Timed-release encryption (TRE) makes it possible to send messages “into the future” such that a pre-determined amount of time needs to pass before a message can be accessed. Malavolta and Thyagarajan (CRYPTO’19) recently introduced an interesting variant of TRE called homomorphic time-lock puzzles (HTLPs), making TRE more versatile and greatly extending its applications. Here one considers multiple independently generated puzzles and the homomorphic evaluation of a circuit over these puzzles. Solving the so obtained puzzle yields the output of a circuit evaluated on the messages locked by the original puzzles.

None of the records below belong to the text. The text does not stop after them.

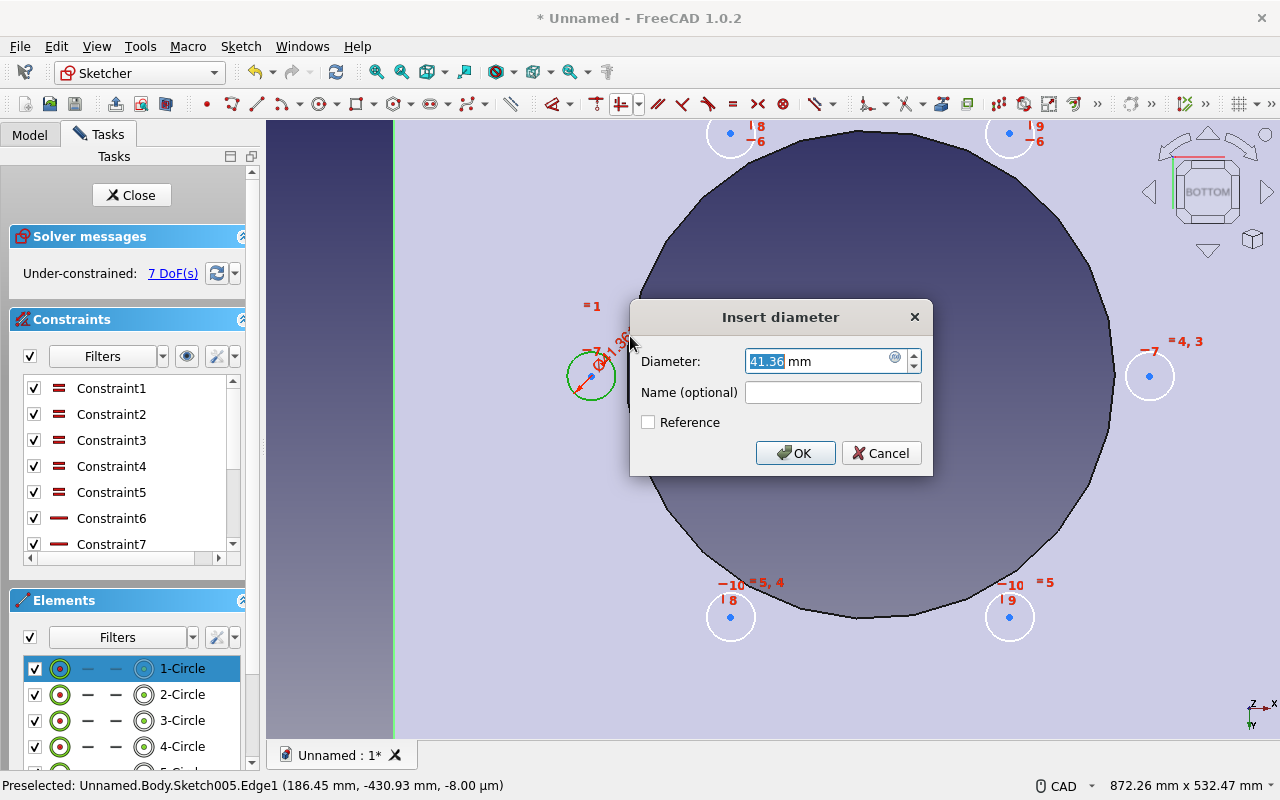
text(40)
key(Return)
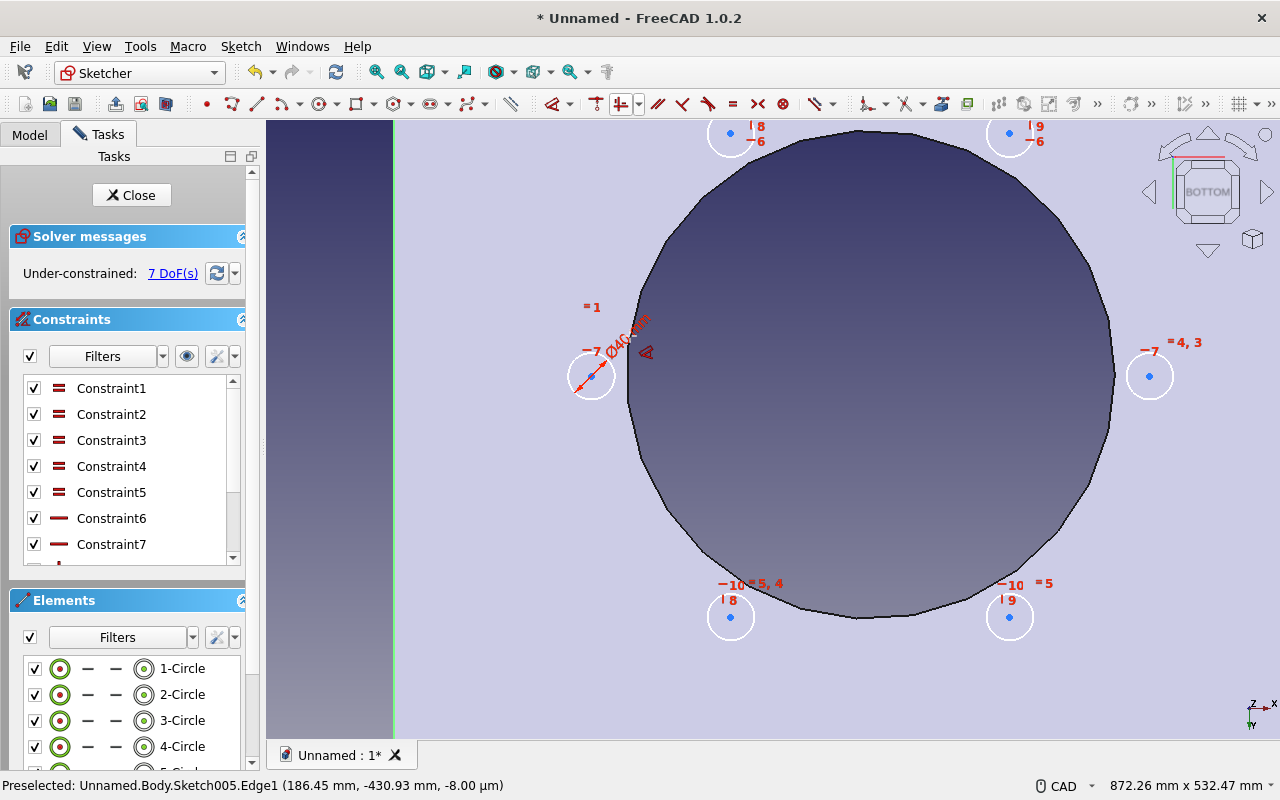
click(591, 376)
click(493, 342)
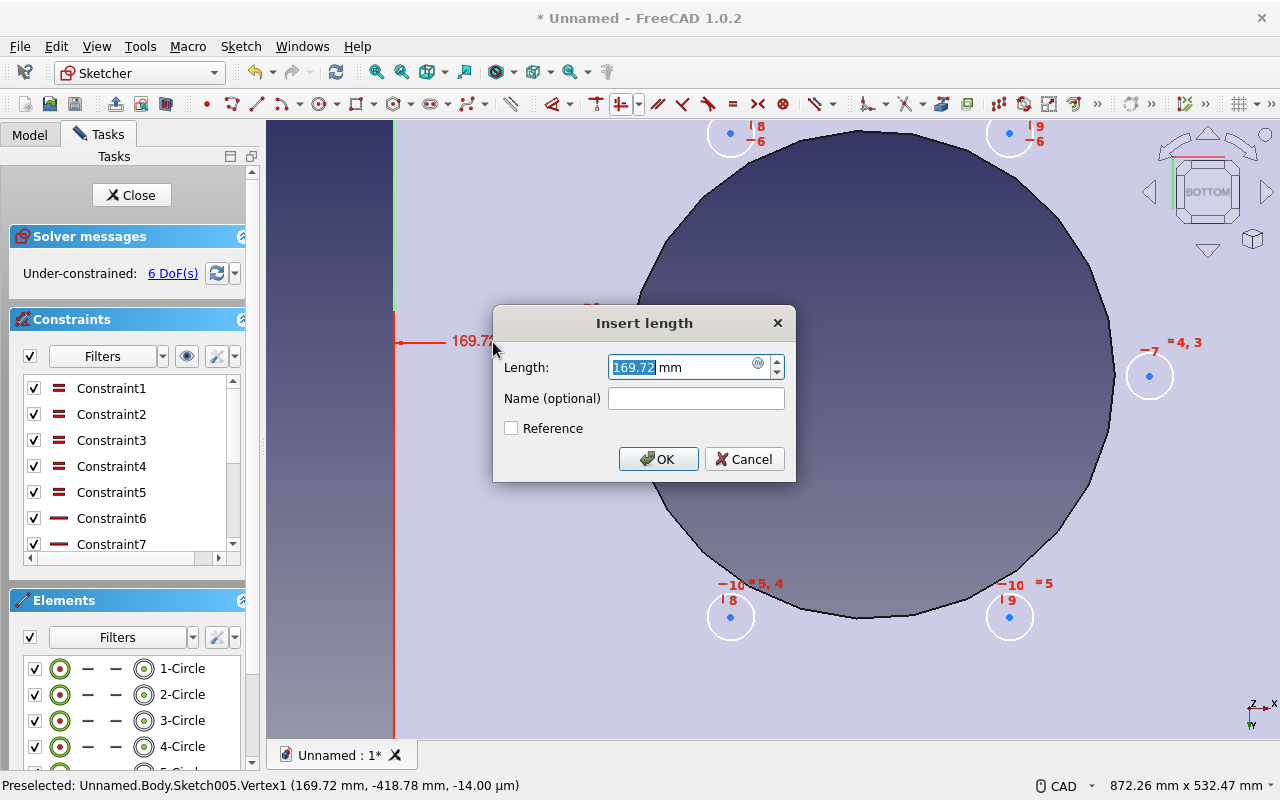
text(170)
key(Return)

We observe that viewing HTLPs more abstractly gives rise to a simple generic construction of homomorphic TRE (HTRE) that is not necessarily based on sequential squaring, but can be instantiated based on any TLP, e.g., from the LWE assumption (via randomized encodings). This construction has slightly different properties, but provides essentially the same functionality for applications. It makes TRE versatile and can be used beyond HTRE, for instance to construct timed-release functional encryption. Interestingly, it achieves a new “solve one, get many for free” property, which supports that an arbitrary number of independently time-locked (homomorphically evaluated) messages can all be obtained simultaneously after solving only a single puzzle. This puzzle is independent of the number of time-locked messages and thus achieves optimal amortized cost.

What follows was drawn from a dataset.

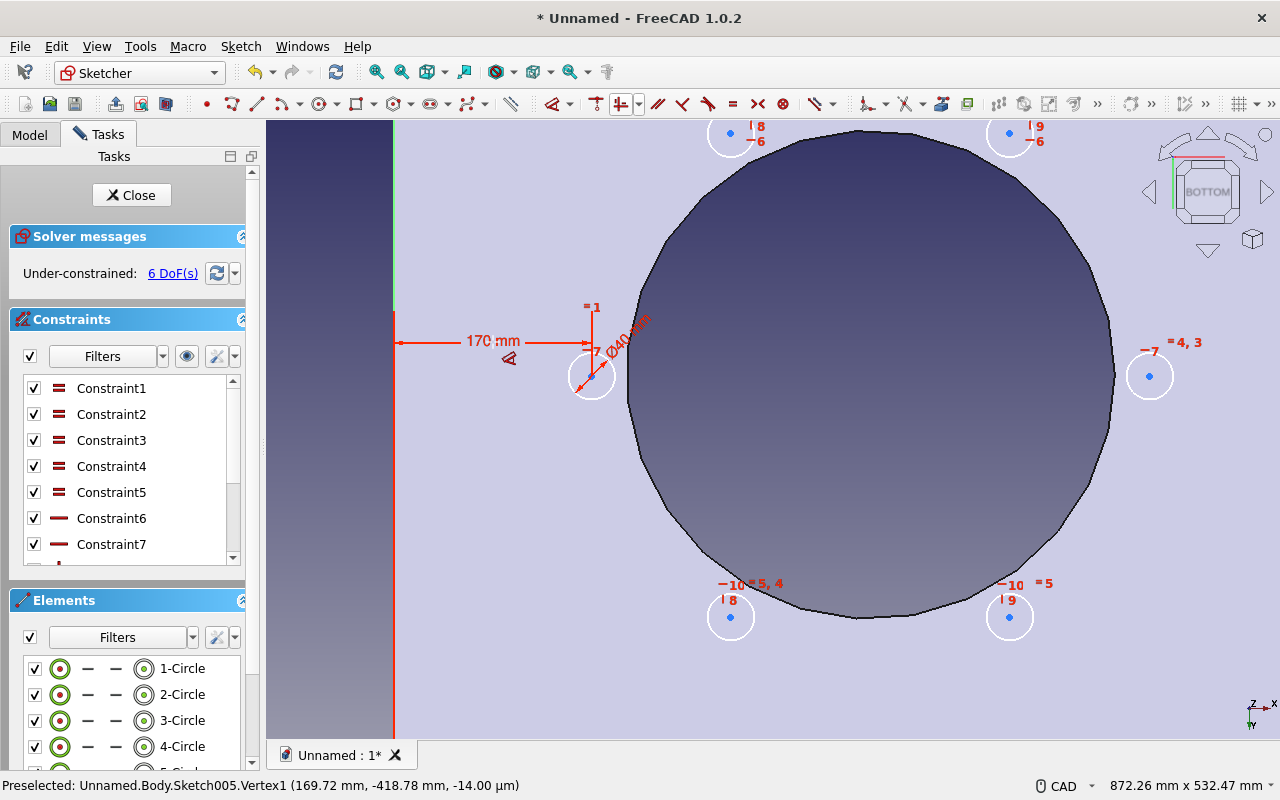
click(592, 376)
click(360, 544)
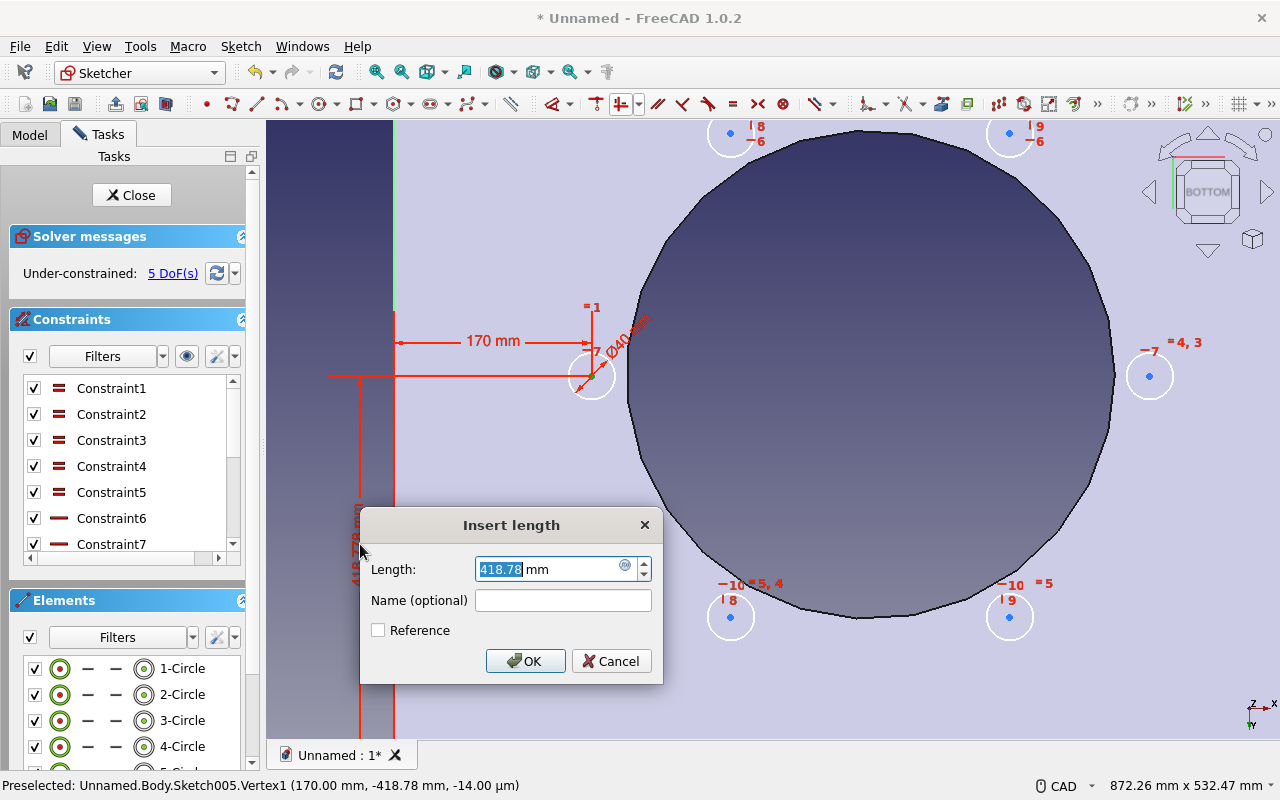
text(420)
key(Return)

Moreover, we define and construct sequential TLPs as a particularly useful generalization of TLPs and TRE. Such puzzles can be solved sequentially in a way that solving a puzzle additionally considers the previous solution and the time required to solve the puzzle is determined by the difference in the time parameters. When instantiated from sequential squaring, this allows to realize public “sequential squaring services”, where everyone can time-lock messages, but only one entity needs to perform the computations required to solve puzzles. Thus, this removes the burden of wasting computational resources by every receiver and makes TRE economically and ecologically more sustainable.

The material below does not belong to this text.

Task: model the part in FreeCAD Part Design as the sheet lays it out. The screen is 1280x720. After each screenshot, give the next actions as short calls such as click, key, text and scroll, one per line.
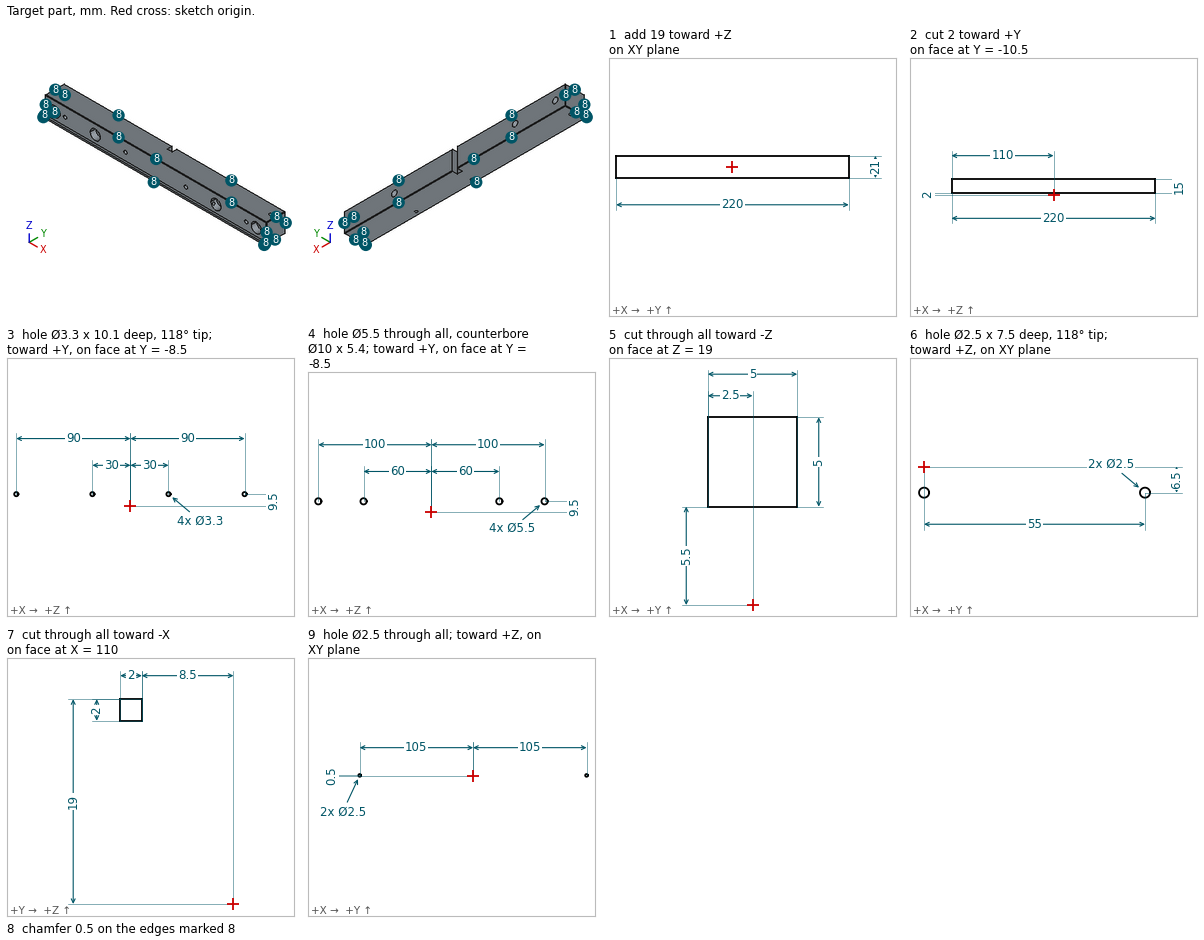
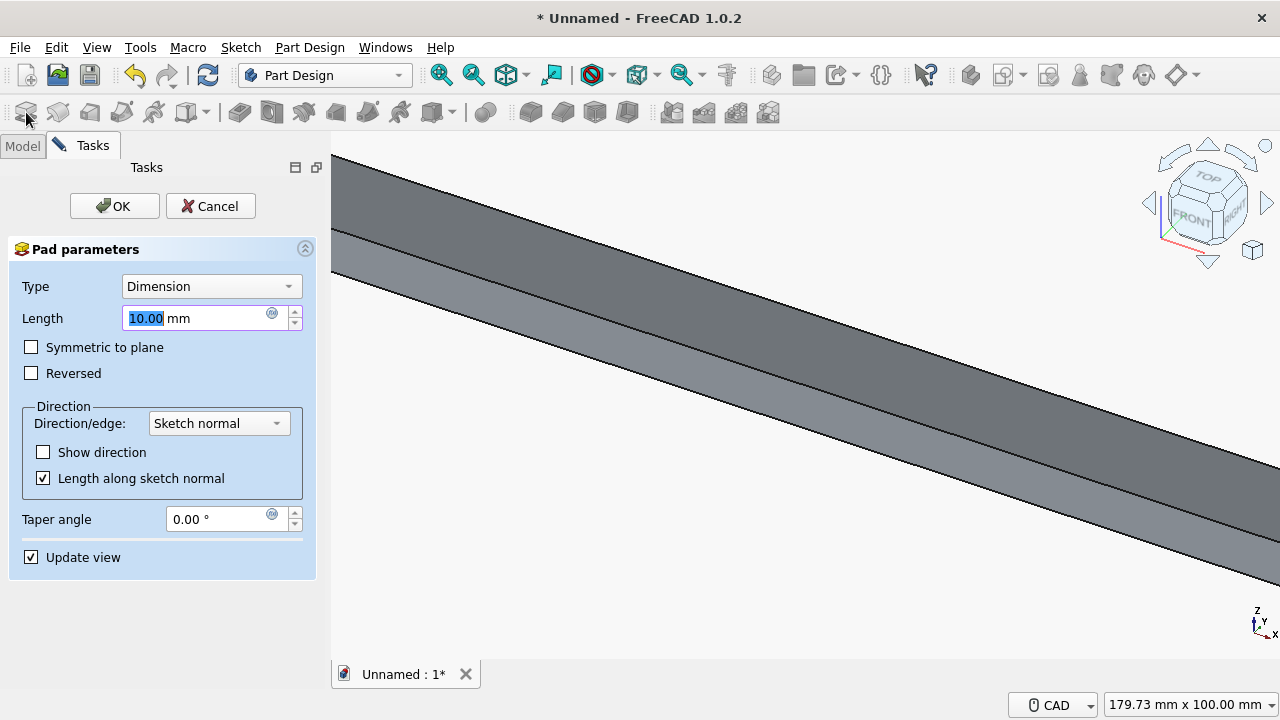
text(19)
key(Tab)

This work was supported by the German Federal Ministry of Education and Research (BMBF) project REZEIVER, the European Research Council (ERC) under the European Union’s Horizon 2020 research and innovation programme, grant agreement n\(^\circ \)802823, the EU’s Horizon 2020 ECSEL Joint Undertaking under grant agreement n\(^\circ \)783119 (SECREDAS) and by the Austrian Science Fund (FWF) and netidee SCIENCE under grant agreement P31621-N38 (PROFET). This is an extended abstract, the full version of this paper is available at [11].

Appendices

A Concurrent and Independent Work

Recently, there have been some independent and concurrent works investigating different aspects of TLPs, which we want to briefly discuss. Most closely related to our work is the one of Katz et al. [19] who show that sequential squaring is as hard as factoring in the strong algebraic group model (SAGM) and construct non-malleable timed commitments based upon a novel building block called timed public-key encryption (TPKE). The similarities are that we will also rely on the SAGM to prove the generic hardness of our new gap sequential squaring assumption. However, their TRPKE approach is different to our TRE approach. Firstly, they support a fast and a slow decryption, where former uses the secret key and latter requires solving a TLP. Secondly, while in our setting encryption is efficient, in their TPKE which is constructed from sequential squaring and the Naor-Yung double encryption paradigm one has to compute twice a T-times sequential squaring. This construction achieves CCA security, but they also discuss a CPA secure version where encryption is equivalently expensive. Note that in contrast to our TRE, in their TPKE time starts running with encryption and not with parameter generation.

In [15] Ephraim et al. investigate efficient constructions of concurrent non-malleable TLPs in the auxiliary-input random oracle model (whereas previous constructions in the plain model [3] are not practically efficient). The idea, which is similar to our idea, is essentially to evaluate random oracle on hardness parameter T and solution s of a puzzle Z and use the output of the oracle as a randomness for \(\mathsf{Gen}\) algorithm of any TLP. An interesting property introduced and investigated in [15] is public verifiability of TLPs. As we have already discussed we can achieve public verifiability for our generic TRE when basing them on perfectly correct PKE schemes. We note however that while Ephraim et al. consider this notion in a setting with malicious puzzle generation, we consider a weaker notion with honest puzzle generation which is sufficient for our TRE.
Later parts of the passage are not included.